Emilio Chuvieco Salinero (22/05/2016)
Ver en el blog del autor

viernes, 6 de mayo de 2016

"LAS «BOSQUESCUELAS» LLEVAN IMPLANTADAS CON ÉXITO EN EL NORTE DE EUROPA DESDE HACE MÁS DE 20 AÑOS"

En la tarde de ayer tuvimos la ocasión de escuchar a Odile Rodríguez De la Fuente, quien nos habló de las “Bosquescuelas”, un sistema educativo que la Fundación Félix Rodríguez De la Fuente ha introducido de forma homologada en nuestro país, tomando ejemplo de otros países del centro y norte de Europa, donde este modelo educativo lleva más de veinte años implantado con éxito.

La ponente comenzó su exposición remontándose a los antecedentes que sentó su padre en la forma de relacionarse con la naturaleza, partiendo del hecho de que él mismo no fue escolarizado hasta los 9 años de edad. Hasta ese momento, tuvo una educación y una infancia estrechamente vinculadas al medio natural, lo cual no le impidió sin embargo ser un estudiante talentoso posteriormente.

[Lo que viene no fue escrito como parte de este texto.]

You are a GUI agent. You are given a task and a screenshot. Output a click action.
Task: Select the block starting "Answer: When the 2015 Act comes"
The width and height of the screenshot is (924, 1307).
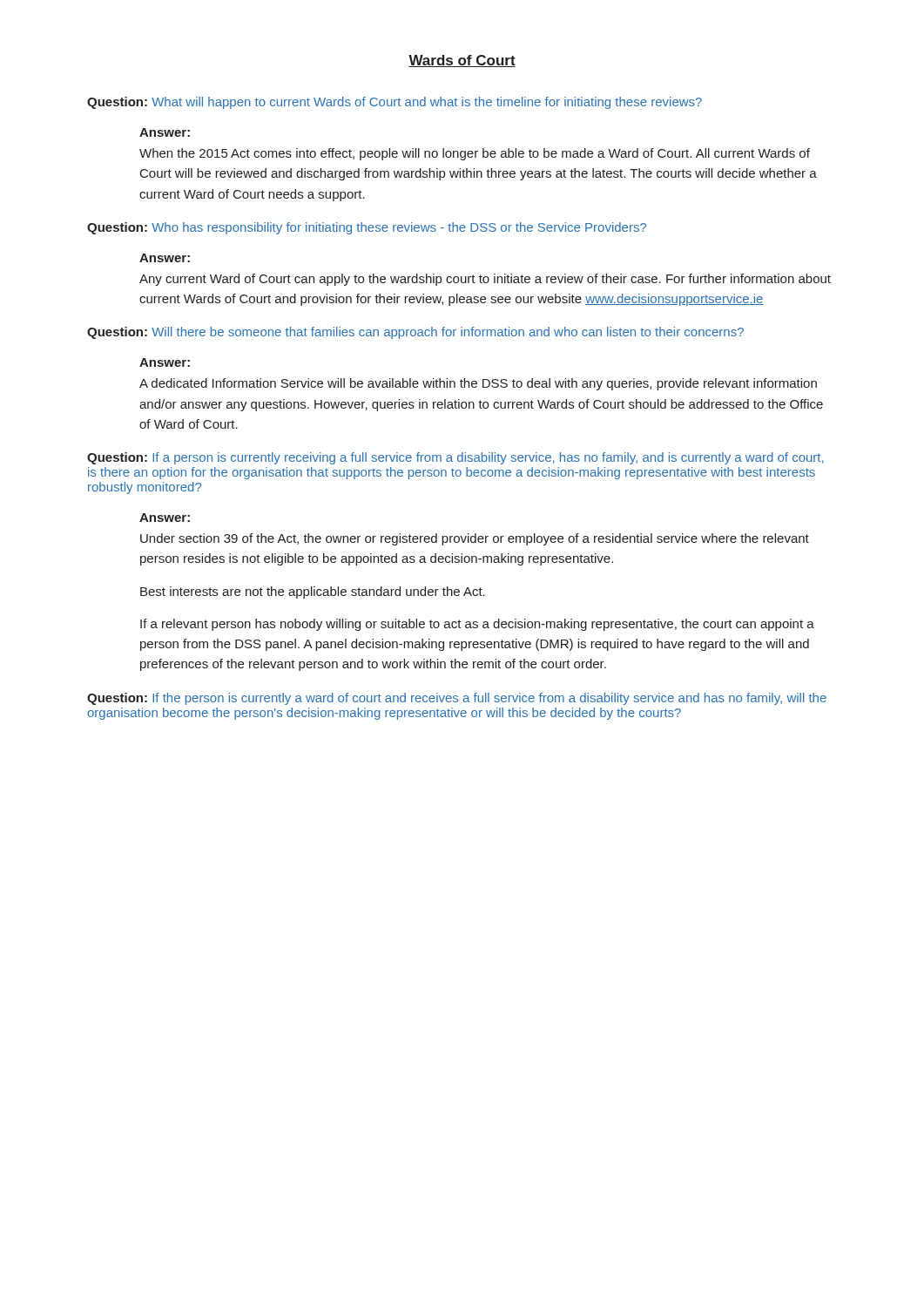[488, 164]

A continuación, explicó cómo el sistema actual –incluyendo la educación– nos mantiene escindidos de nuestro entorno, lo cual nos causa un enorme vacío y tiene mucho que ver con la crisis actual en sus diferentes dimensiones. También comentó que la fundación que dirige siempre se ha centrado mucho en el trabajo con las personas. El motivo es que, aunque opina que la conservación de especies y espacios es necesaria, la clave está en trabajar la relación que los seres humanos tienen con su medio para encontrar las verdaderas causas de los problemas ambientales y buscar así soluciones.

De ahí que el proyecto de las “Bosquescuelas” encajase perfectamente con la filosofía de la fundación. En este sentido, expresó que frente a la idea de que la mente de los niños es una “hoja en blanco” que hay que llenar con información, ella cree en el desarrollo del potencial que de forma innata existe en todos nosotros.

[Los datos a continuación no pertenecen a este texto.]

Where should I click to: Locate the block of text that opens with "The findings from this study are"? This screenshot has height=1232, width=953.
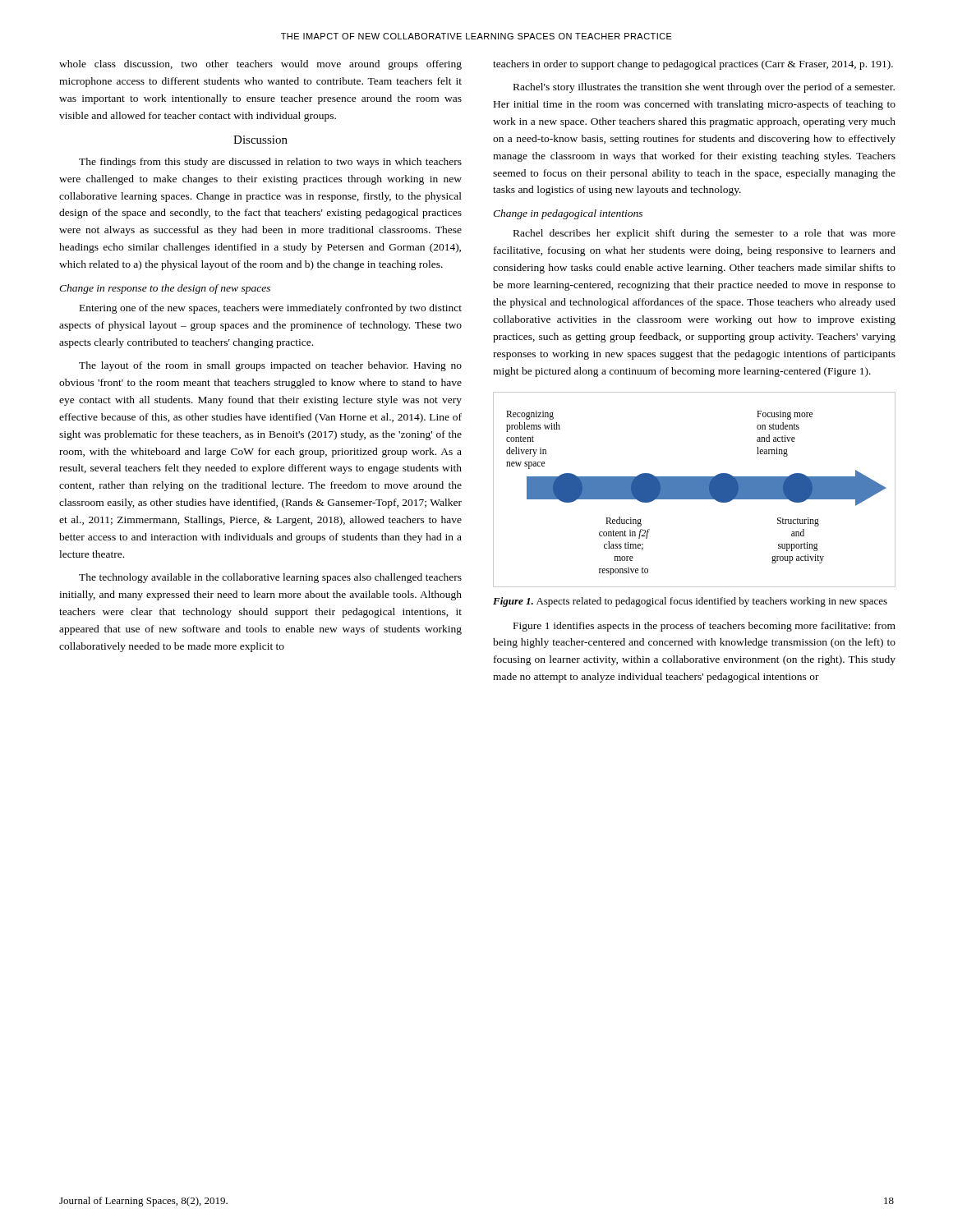coord(260,214)

Indicó que este tipo de educación está avalada por multitud de estudios psicopedagógicos en los que incluso puede constatarse que los niños desarrollan sus competencias igual o más que en los modelos educativos tradicionales.

Respecto al caso concreto de la Bosquescuela de Cerceda, en la Comunidad de Madrid, explicó las características generales, las instalaciones, el horario de actividades habitual de los niños y el enfoque del trabajo de los profesores.

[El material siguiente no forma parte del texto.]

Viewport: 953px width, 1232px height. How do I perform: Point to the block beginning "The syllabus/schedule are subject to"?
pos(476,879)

Aunque se dispone de un aula como centro de “reuniones”, la mayor parte de la educación se desarrolla al aire libre. Destacó el hecho de que el entorno natural provee de una diversidad de estímulos que no se encuentran en un aula, siempre cambiantes al compás de las estaciones, lo cual enriquece el desarrollo cognitivo de los niños. Éstos aprenden a trabajar con materiales que encuentran en su entorno (además de otros al uso de los que también disponen).

Sobre las técnicas pedagógicas y otras características diferenciales de este modelo, resaltó que se trabaja por mantener viva la curiosidad innata de los niños, se facilita un alto ratio profesor/alumnos (educación más personalizada), se mezclan los niveles y se mantiene una heterogeneidad de edades, además de potenciar el juego libre (mediante el sistema flow, facilitando un estado de concentración muy alto en los niños).

Para concluir, la invitada explicó que estas técnicas facilitan que los niños ganen en seguridad, creatividad, aprendan a entenderse con los otros y pactar soluciones, a argumentar mejor sus razones para actuar, a resolver problemas, etc.

Al finalizar la exposición hubo un interesante debate sobre las diferencias de este modelo educativo con los tradicionales en el que intervinieron tanto alumnos de ciencias como profesores y maestros de educación infantil y primaria.